Cet affichage volontariste au profit des lieux off a été appuyé par un effort budgétaire en 2002 de 1,6 millions d’euros sous forme de subventions aux acteurs et à la mise à disposition de lieux désaffectés68, mais ne sera pas reconduit les années suivantes. En fait, la dynamique insufflée par M. Duffour s’est vite essoufflée. A l’issu de ce colloque, une cellule interministérielle, dirigée par Jean Digne, avait été créée au sein de l’Institut des Villes. Ce Groupement d’Intérêt Public, créé sous le gouvernement Jospin et présidé par Edmond Hervé (maire PS de Rennes), conçu comme une plateforme de réflexion et de soutien aux collectivités, est aujourd’hui moribond, faute de moyens, de projet et de soutien politique. Surtout, l’alternance politique en 2002 a entraîné une réorientation des priorités du Ministère, qui aujourd’hui s’embourbe sur la question des intermittents.
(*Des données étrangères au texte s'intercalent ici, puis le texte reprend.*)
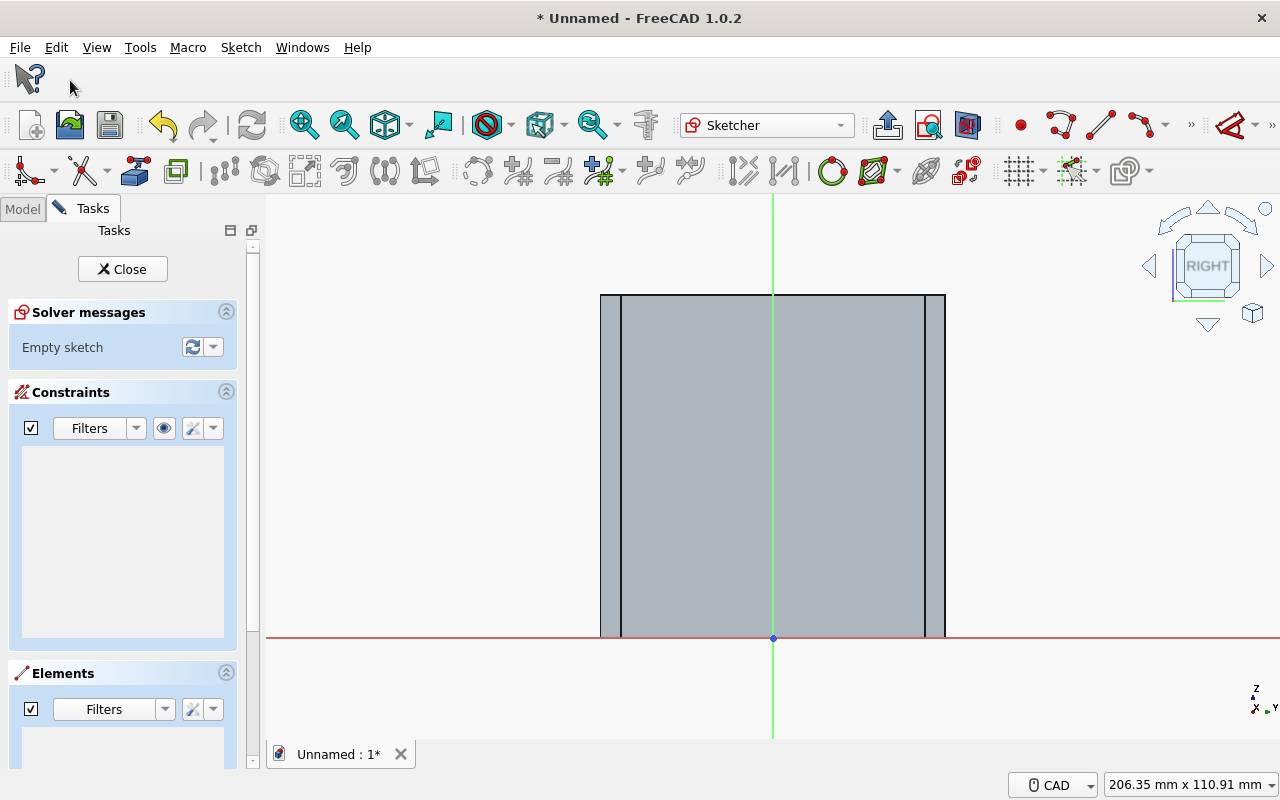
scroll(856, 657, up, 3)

Cette prise de conscience des problèmes posés (relance de la création, financement, gestion des friches,…) par les nouveaux lieux culturels off s’inscrit donc dans le cadre plus global de la réforme de l’Etat, et exprime le besoin d’expérimentation locale de nouvelles politiques publiques. Ce credo sera repris par le gouvernement suivant (de droite), par la création notamment d’un Secrétariat d’Etat aux Libertés Locales ; toutefois, ces réflexions sur ces nouveaux lieux culturels ne seront pas suivies d’actions de la part du Ministère de la Culture.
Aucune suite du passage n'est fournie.